Items listed in a dataset:
# # #
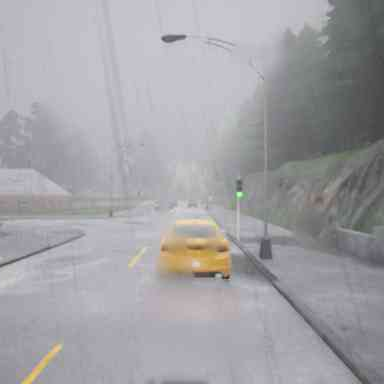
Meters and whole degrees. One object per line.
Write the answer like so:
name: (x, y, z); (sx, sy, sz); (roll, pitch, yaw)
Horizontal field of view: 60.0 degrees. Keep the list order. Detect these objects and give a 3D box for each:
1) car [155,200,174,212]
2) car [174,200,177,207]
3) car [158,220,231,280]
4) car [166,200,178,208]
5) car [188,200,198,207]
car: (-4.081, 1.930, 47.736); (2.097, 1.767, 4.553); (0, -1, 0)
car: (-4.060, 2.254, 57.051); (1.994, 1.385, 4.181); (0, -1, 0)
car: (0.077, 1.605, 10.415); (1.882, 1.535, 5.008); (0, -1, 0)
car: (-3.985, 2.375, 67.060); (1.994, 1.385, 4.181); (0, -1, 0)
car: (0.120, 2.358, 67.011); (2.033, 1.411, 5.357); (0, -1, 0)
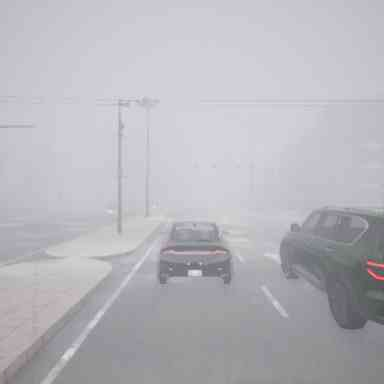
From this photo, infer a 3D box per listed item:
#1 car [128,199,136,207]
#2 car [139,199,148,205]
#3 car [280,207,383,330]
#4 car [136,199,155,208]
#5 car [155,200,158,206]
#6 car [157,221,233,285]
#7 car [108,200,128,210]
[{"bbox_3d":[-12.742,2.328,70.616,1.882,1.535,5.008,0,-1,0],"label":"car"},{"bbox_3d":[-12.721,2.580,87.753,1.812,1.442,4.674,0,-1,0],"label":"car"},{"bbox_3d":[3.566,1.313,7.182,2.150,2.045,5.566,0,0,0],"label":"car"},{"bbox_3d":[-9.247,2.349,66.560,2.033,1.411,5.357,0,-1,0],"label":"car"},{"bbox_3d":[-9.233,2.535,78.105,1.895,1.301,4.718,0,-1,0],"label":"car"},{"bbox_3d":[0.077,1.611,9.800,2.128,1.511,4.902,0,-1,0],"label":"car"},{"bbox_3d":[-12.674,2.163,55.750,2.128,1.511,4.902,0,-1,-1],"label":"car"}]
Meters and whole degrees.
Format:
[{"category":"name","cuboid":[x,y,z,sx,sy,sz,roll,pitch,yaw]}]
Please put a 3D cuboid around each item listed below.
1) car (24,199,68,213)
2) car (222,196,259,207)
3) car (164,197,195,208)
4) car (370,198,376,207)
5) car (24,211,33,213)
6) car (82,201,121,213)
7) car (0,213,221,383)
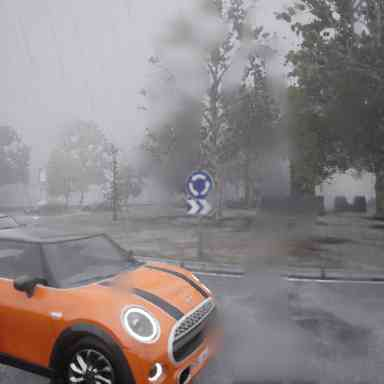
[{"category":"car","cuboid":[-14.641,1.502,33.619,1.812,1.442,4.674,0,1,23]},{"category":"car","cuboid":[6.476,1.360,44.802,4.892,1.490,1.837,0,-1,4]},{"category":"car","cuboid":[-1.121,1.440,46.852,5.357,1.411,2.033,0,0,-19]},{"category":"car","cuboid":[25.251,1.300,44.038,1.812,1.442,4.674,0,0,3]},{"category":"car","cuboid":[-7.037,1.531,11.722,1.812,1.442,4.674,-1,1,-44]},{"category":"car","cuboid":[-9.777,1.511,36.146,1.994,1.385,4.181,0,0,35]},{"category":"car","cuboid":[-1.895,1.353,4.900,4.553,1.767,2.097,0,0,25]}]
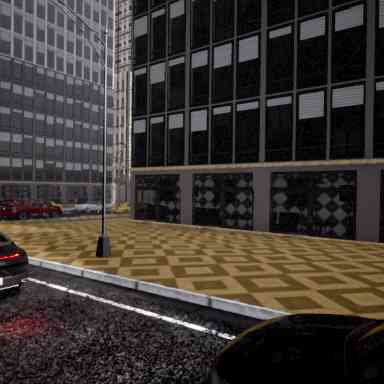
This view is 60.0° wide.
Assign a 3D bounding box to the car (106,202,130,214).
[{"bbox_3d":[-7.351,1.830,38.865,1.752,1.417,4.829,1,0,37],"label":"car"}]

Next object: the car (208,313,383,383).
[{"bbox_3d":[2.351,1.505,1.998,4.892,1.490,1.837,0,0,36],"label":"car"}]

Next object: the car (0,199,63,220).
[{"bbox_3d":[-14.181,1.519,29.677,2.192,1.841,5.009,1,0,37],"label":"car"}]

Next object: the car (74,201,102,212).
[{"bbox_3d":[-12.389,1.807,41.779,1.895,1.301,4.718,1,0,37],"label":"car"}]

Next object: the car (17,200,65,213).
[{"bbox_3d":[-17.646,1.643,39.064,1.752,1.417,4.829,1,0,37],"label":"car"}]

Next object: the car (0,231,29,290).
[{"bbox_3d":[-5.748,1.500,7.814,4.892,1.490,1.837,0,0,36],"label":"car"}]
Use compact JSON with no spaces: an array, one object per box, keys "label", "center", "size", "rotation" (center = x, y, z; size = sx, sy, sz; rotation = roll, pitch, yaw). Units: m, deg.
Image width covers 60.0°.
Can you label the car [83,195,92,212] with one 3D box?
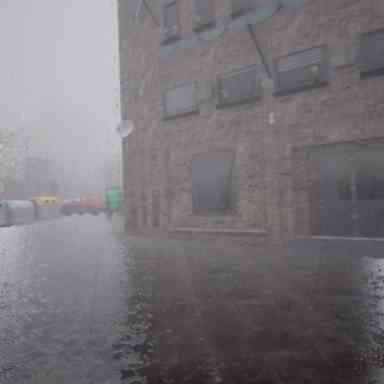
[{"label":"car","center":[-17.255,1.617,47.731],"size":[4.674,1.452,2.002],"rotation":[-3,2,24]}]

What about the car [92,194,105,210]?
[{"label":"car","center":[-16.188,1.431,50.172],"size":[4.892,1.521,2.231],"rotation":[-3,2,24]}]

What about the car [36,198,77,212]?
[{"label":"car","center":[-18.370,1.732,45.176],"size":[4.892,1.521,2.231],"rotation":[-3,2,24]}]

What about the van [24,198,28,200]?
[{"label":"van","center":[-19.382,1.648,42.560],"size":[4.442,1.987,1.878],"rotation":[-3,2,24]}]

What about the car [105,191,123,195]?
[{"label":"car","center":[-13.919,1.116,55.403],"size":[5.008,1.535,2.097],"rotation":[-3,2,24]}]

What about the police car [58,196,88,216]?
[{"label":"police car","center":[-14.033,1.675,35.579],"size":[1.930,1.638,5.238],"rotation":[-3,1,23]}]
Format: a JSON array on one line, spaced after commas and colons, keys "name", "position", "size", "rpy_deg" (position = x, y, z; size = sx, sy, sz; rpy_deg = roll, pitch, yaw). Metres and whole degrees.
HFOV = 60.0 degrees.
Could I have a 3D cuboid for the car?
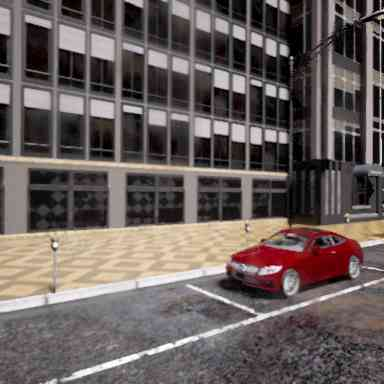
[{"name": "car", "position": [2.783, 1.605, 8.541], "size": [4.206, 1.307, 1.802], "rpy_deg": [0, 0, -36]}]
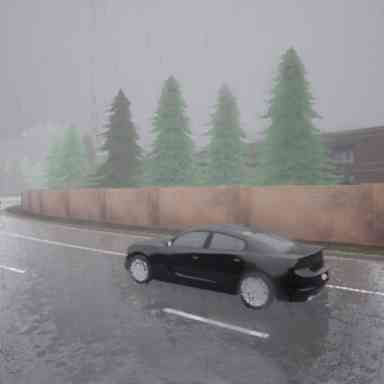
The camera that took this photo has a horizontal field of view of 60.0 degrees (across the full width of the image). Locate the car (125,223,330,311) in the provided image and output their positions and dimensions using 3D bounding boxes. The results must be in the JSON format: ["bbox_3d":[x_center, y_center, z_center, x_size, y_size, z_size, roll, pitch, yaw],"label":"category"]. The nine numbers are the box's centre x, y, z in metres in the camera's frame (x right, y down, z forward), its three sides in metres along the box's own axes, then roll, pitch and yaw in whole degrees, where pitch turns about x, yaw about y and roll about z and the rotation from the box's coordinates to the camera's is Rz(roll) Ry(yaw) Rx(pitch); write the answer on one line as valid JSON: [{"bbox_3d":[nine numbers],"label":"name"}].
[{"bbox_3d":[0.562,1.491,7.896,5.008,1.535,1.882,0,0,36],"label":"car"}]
# # #
— Exercise —
The entries above, every one of them, should be retyped exactly, with no pictures carried over.

— Solution —
Meters and whole degrees. One object per line.
Write the answer like so:
name: (x, y, z); (sx, sy, sz); (roll, pitch, yaw)
Horizontal field of view: 60.0 degrees. Keep the list order. Detect these objects and give a 3D box for each:
1) car [155,200,174,212]
2) car [174,200,177,207]
3) car [158,220,231,280]
4) car [166,200,178,208]
5) car [188,200,198,207]
car: (-4.081, 1.930, 47.736); (2.097, 1.767, 4.553); (0, -1, 0)
car: (-4.060, 2.254, 57.051); (1.994, 1.385, 4.181); (0, -1, 0)
car: (0.077, 1.605, 10.415); (1.882, 1.535, 5.008); (0, -1, 0)
car: (-3.985, 2.375, 67.060); (1.994, 1.385, 4.181); (0, -1, 0)
car: (0.120, 2.358, 67.011); (2.033, 1.411, 5.357); (0, -1, 0)
From this photo, infer a 3D box per listed item:
#1 car [128,199,136,207]
#2 car [139,199,148,205]
#3 car [280,207,383,330]
#4 car [136,199,155,208]
#5 car [155,200,158,206]
#6 car [157,221,233,285]
#7 car [108,200,128,210]
[{"bbox_3d":[-12.742,2.328,70.616,1.882,1.535,5.008,0,-1,0],"label":"car"},{"bbox_3d":[-12.721,2.580,87.753,1.812,1.442,4.674,0,-1,0],"label":"car"},{"bbox_3d":[3.566,1.313,7.182,2.150,2.045,5.566,0,0,0],"label":"car"},{"bbox_3d":[-9.247,2.349,66.560,2.033,1.411,5.357,0,-1,0],"label":"car"},{"bbox_3d":[-9.233,2.535,78.105,1.895,1.301,4.718,0,-1,0],"label":"car"},{"bbox_3d":[0.077,1.611,9.800,2.128,1.511,4.902,0,-1,0],"label":"car"},{"bbox_3d":[-12.674,2.163,55.750,2.128,1.511,4.902,0,-1,-1],"label":"car"}]
Meters and whole degrees.
Format:
[{"category":"name","cuboid":[x,y,z,sx,sy,sz,roll,pitch,yaw]}]
Please put a 3D cuboid around each item listed below.
1) car (24,199,68,213)
2) car (222,196,259,207)
3) car (164,197,195,208)
4) car (370,198,376,207)
5) car (24,211,33,213)
6) car (82,201,121,213)
7) car (0,213,221,383)
[{"category":"car","cuboid":[-14.641,1.502,33.619,1.812,1.442,4.674,0,1,23]},{"category":"car","cuboid":[6.476,1.360,44.802,4.892,1.490,1.837,0,-1,4]},{"category":"car","cuboid":[-1.121,1.440,46.852,5.357,1.411,2.033,0,0,-19]},{"category":"car","cuboid":[25.251,1.300,44.038,1.812,1.442,4.674,0,0,3]},{"category":"car","cuboid":[-7.037,1.531,11.722,1.812,1.442,4.674,-1,1,-44]},{"category":"car","cuboid":[-9.777,1.511,36.146,1.994,1.385,4.181,0,0,35]},{"category":"car","cuboid":[-1.895,1.353,4.900,4.553,1.767,2.097,0,0,25]}]
This view is 60.0° wide.
Assign a 3D bounding box to the car (106,202,130,214).
[{"bbox_3d":[-7.351,1.830,38.865,1.752,1.417,4.829,1,0,37],"label":"car"}]

Next object: the car (208,313,383,383).
[{"bbox_3d":[2.351,1.505,1.998,4.892,1.490,1.837,0,0,36],"label":"car"}]

Next object: the car (0,199,63,220).
[{"bbox_3d":[-14.181,1.519,29.677,2.192,1.841,5.009,1,0,37],"label":"car"}]

Next object: the car (74,201,102,212).
[{"bbox_3d":[-12.389,1.807,41.779,1.895,1.301,4.718,1,0,37],"label":"car"}]

Next object: the car (17,200,65,213).
[{"bbox_3d":[-17.646,1.643,39.064,1.752,1.417,4.829,1,0,37],"label":"car"}]

Next object: the car (0,231,29,290).
[{"bbox_3d":[-5.748,1.500,7.814,4.892,1.490,1.837,0,0,36],"label":"car"}]
Use compact JSON with no spaces: an array, one object per box, keys "label", "center", "size", "rotation" (center = x, y, z; size = sx, sy, sz; rotation = roll, pitch, yaw). Units: m, deg.
Image width covers 60.0°.
Can you label the car [83,195,92,212] with one 3D box?
[{"label":"car","center":[-17.255,1.617,47.731],"size":[4.674,1.452,2.002],"rotation":[-3,2,24]}]

What about the car [92,194,105,210]?
[{"label":"car","center":[-16.188,1.431,50.172],"size":[4.892,1.521,2.231],"rotation":[-3,2,24]}]

What about the car [36,198,77,212]?
[{"label":"car","center":[-18.370,1.732,45.176],"size":[4.892,1.521,2.231],"rotation":[-3,2,24]}]

What about the van [24,198,28,200]?
[{"label":"van","center":[-19.382,1.648,42.560],"size":[4.442,1.987,1.878],"rotation":[-3,2,24]}]

What about the car [105,191,123,195]?
[{"label":"car","center":[-13.919,1.116,55.403],"size":[5.008,1.535,2.097],"rotation":[-3,2,24]}]

What about the police car [58,196,88,216]?
[{"label":"police car","center":[-14.033,1.675,35.579],"size":[1.930,1.638,5.238],"rotation":[-3,1,23]}]
Format: a JSON array on one line, spaced after commas and colons, keys "name", "position", "size", "rpy_deg" (position = x, y, z; size = sx, sy, sz; rpy_deg = roll, pitch, yaw). Metres and whole degrees.
HFOV = 60.0 degrees.
Could I have a 3D cuboid for the car?
[{"name": "car", "position": [2.783, 1.605, 8.541], "size": [4.206, 1.307, 1.802], "rpy_deg": [0, 0, -36]}]
The camera that took this photo has a horizontal field of view of 60.0 degrees (across the full width of the image). Locate the car (125,223,330,311) in the provided image and output their positions and dimensions using 3D bounding boxes. The results must be in the JSON format: ["bbox_3d":[x_center, y_center, z_center, x_size, y_size, z_size, roll, pitch, yaw],"label":"category"]. The nine numbers are the box's centre x, y, z in metres in the camera's frame (x right, y down, z forward), its three sides in metres along the box's own axes, then roll, pitch and yaw in whole degrees, where pitch turns about x, yaw about y and roll about z and the rotation from the box's coordinates to the camera's is Rz(roll) Ry(yaw) Rx(pitch); write the answer on one line as valid JSON: [{"bbox_3d":[nine numbers],"label":"name"}].
[{"bbox_3d":[0.562,1.491,7.896,5.008,1.535,1.882,0,0,36],"label":"car"}]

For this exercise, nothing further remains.